Many Corporations (especially smaller ones) pay all their cash out as payroll or dividends as they have no need for retained earnings. I advise my small c corp clients to empty their accounts through payroll and/or dividends on Dec 31 of every year. Even with the lower corp tax rate of 21% it is better to avoid the double taxation that occurs when you leave money in a c corp. If you leave the money in the corp it gets taxed at 21% and then taxed again when you eventually send it to payroll or pay it out as a dividend. So corporations only pay 6% of our tax directly but they are directly linked to a lot of payroll and dividend tax paid by individuals.


----------



## observer (Dec 11, 2014)

UberTaxPro said:


> Many Corporations (especially smaller ones) pay all their cash out as payroll or dividends as they have no need for retained earnings. I advise my small c corp clients to empty their accounts through payroll and/or dividends on Dec 31 of every year. Even with the lower corp tax rate of 21% it is better to avoid the double taxation that occurs when you leave money in a c corp. If you leave the money in the corp it gets taxed at 21% and then taxed again when you eventually send it to payroll or pay it out as a dividend.

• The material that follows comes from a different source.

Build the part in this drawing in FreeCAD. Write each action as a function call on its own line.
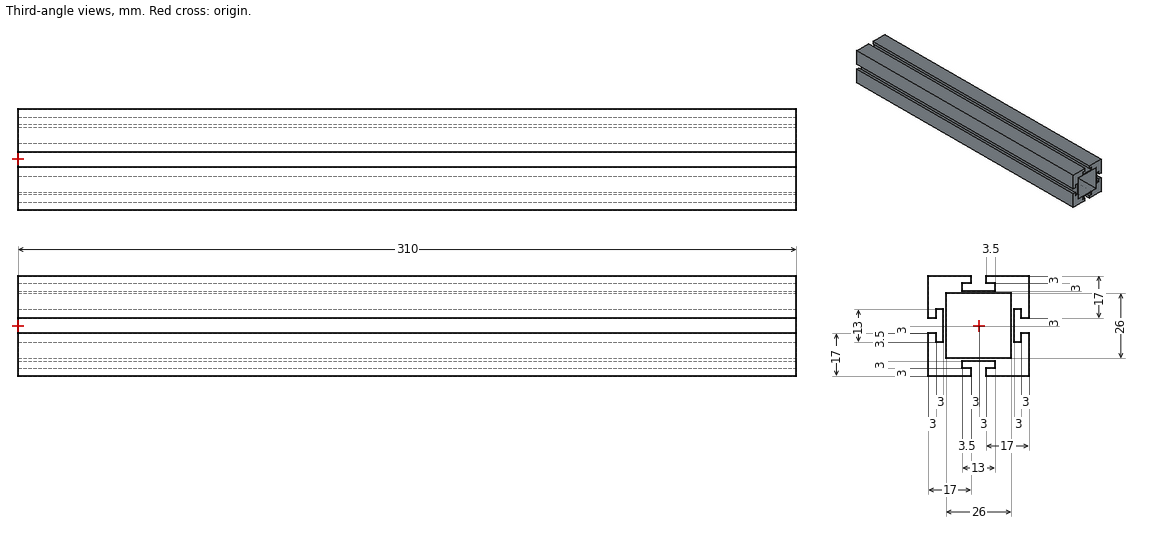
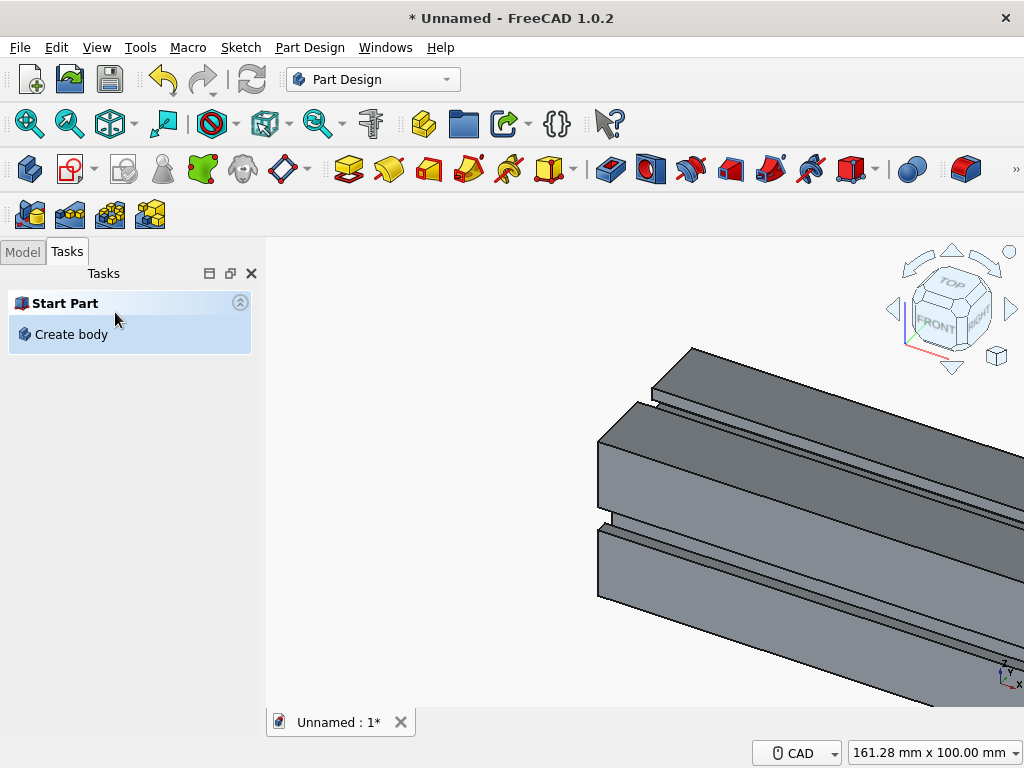
key(0)

So corporations only pay 6% of our tax directly but they are directly linked to a lot of payroll and dividend tax paid by individuals.


While that does affect the percentage, I don't think many S corporations have billions of dollars parked overseas.


----------



## UberTaxPro (Oct 3, 2014)

observer said:


> While that does affect the percentage, I don't think many S corporations have billions of dollars parked overseas.


Many individuals do!


----------